Rich secondary indices (ROADMAP):
- Inverted index for fuzzy search over many label / annotation fields
We used the sift dataset to benchmark our results with 1M vectors of 128D
- For 100 randomly sampled query vectors, we get <1ms average response time (on a 2023 m2 macbook air)
- ANN is always a trade-off between recall and performance
We create a Lance dataset using the Oxford Pet dataset to do some preliminary performance testing of Lance as compared to Parquet and raw image/xmls. For analytics queries, Lance is 50-100x better than reading the raw metadata. For batched random access, Lance is 100x better than both parquet and raw files.
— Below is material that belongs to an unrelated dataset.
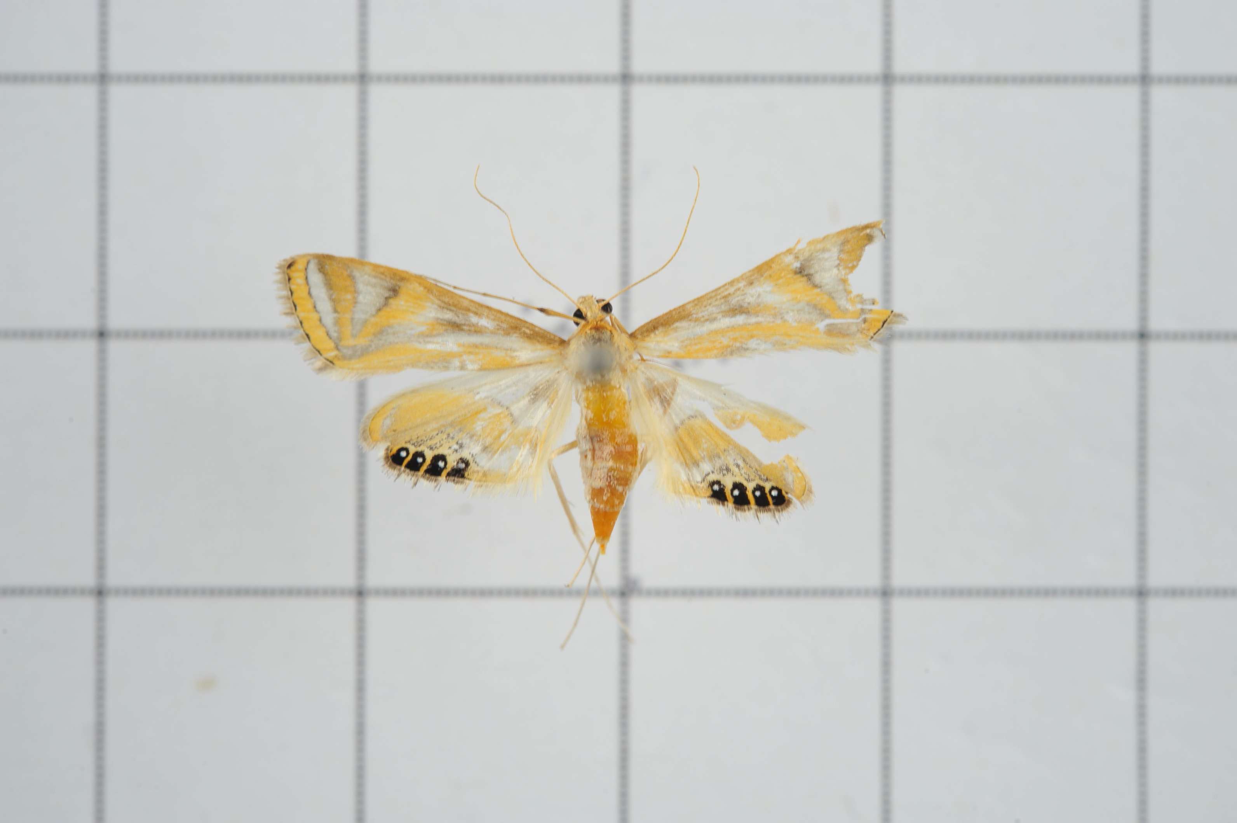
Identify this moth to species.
Eoophyla conjunctalis
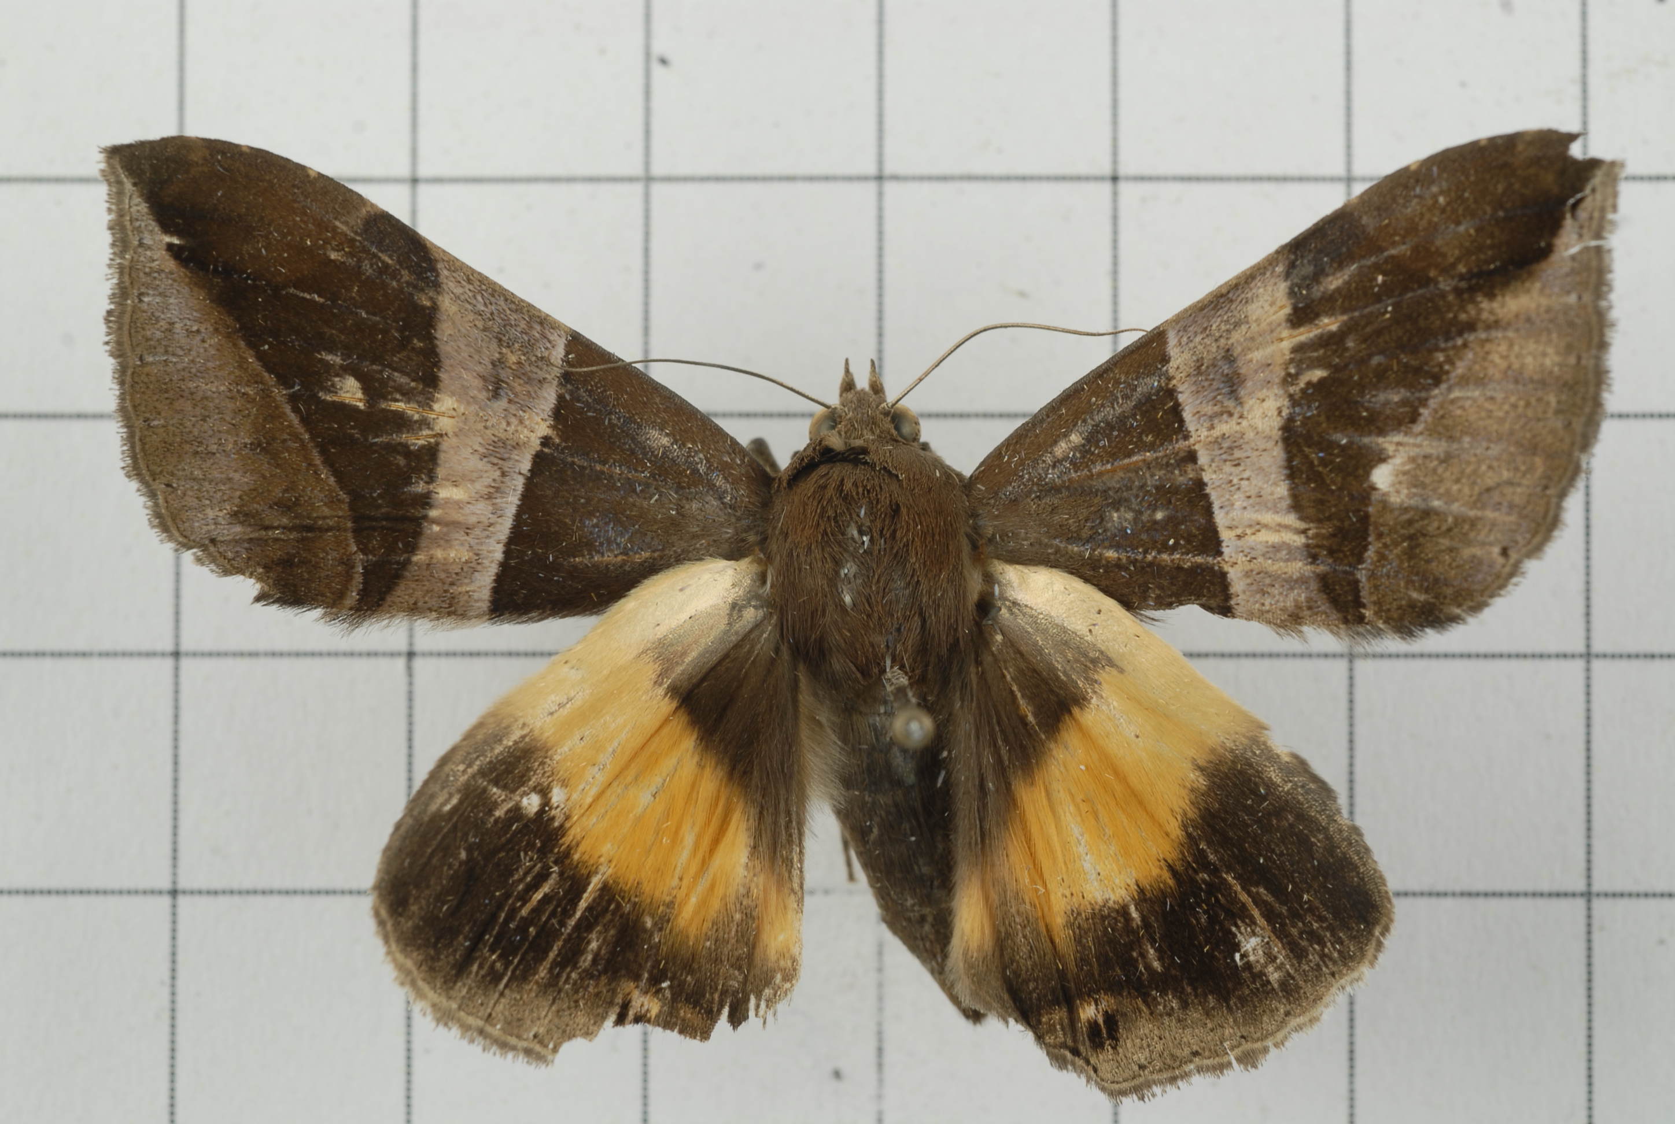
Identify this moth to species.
Bastilla fulvotaenia
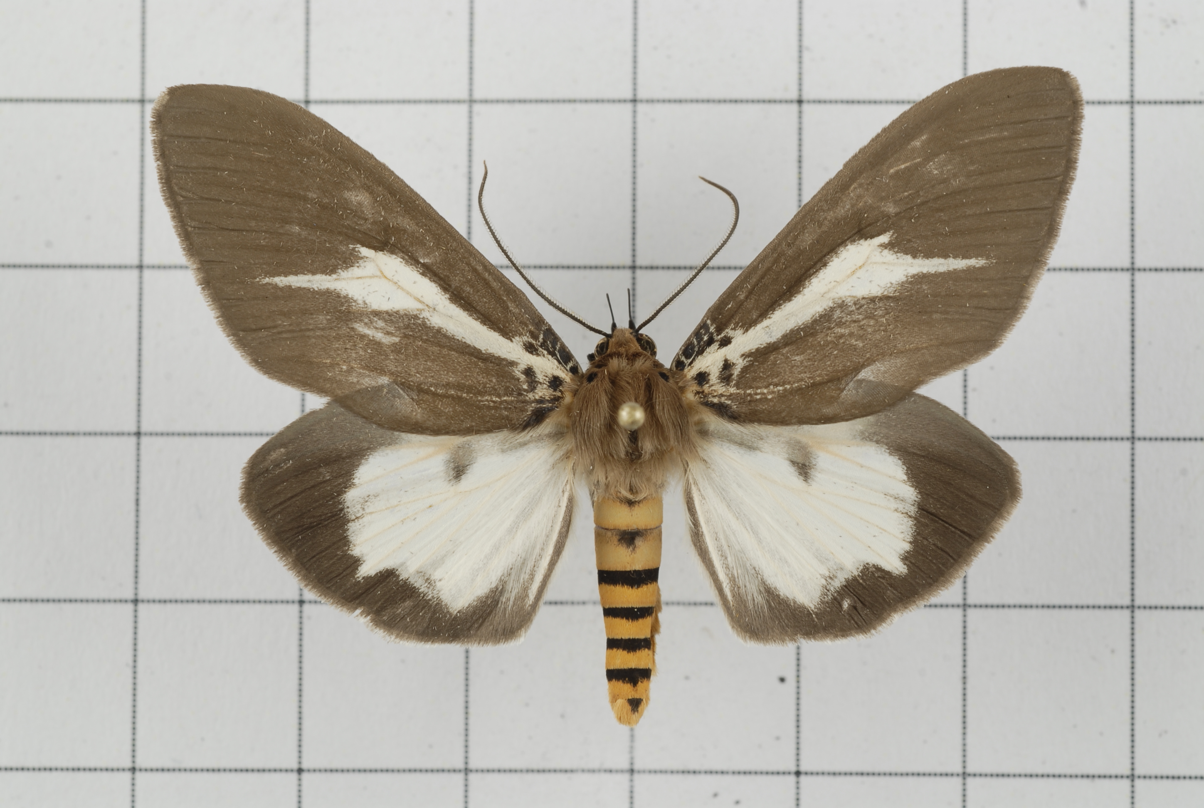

Machine Learning development cycle involves the steps:
graph LR
A[Collection] --> B[Exploration];
B --> C[Analytics];
C --> D[Feature Engineer];
D --> E[Training];
E --> F[Evaluation];
F --> C;
E --> G[Deployment];
G --> H[Monitoring];
H --> A;
People use different data representations to varying stages for the performance or limited by the tooling available. The academia mainly uses XML / JSON for annotations and zipped images/sensors data for deep learning, which is difficult to integrated into data infrastructure and slow to train over cloud storage. While the industry uses data lake (Parquet-based techniques, i.e., Delta Lake, Iceberg) or data warehouse (AWS Redshift or Google BigQuery) to collect and analyze data, they have to convert the data into training-friendly formats, such as Rikai/Petastorm or Tfrecord. Multiple single-purpose data transforms, as well as syncing copies between cloud storage to local training instances have become a common practice among ML practices.
While each of the existing data formats excel at its original designed workload, we need a new data format to tailored for multistage ML development cycle to reduce the fraction in tools and data silos.
A comparison of different data formats in each stage of ML development cycle.
Lance | Parquet & ORC | JSON & XML | Tfrecord | Database | Warehouse | |
---|---|---|---|---|---|---|
Analytics | Fast | Fast | Slow | Slow | Decent | Fast |
Feature Engineering | Fast | Fast | Decent | Slow | Decent | Good |
Training | Fast | Decent | Slow | Fast | N/A | N/A |
Exploration | Fast | Slow | Fast | Slow | Fast | Decent |
Infra Support | Rich | Rich | Decent | Limited | Rich | Rich |
- Lance: A New Columnar Data Format, Scipy 2022, Austin, TX. July, 2022.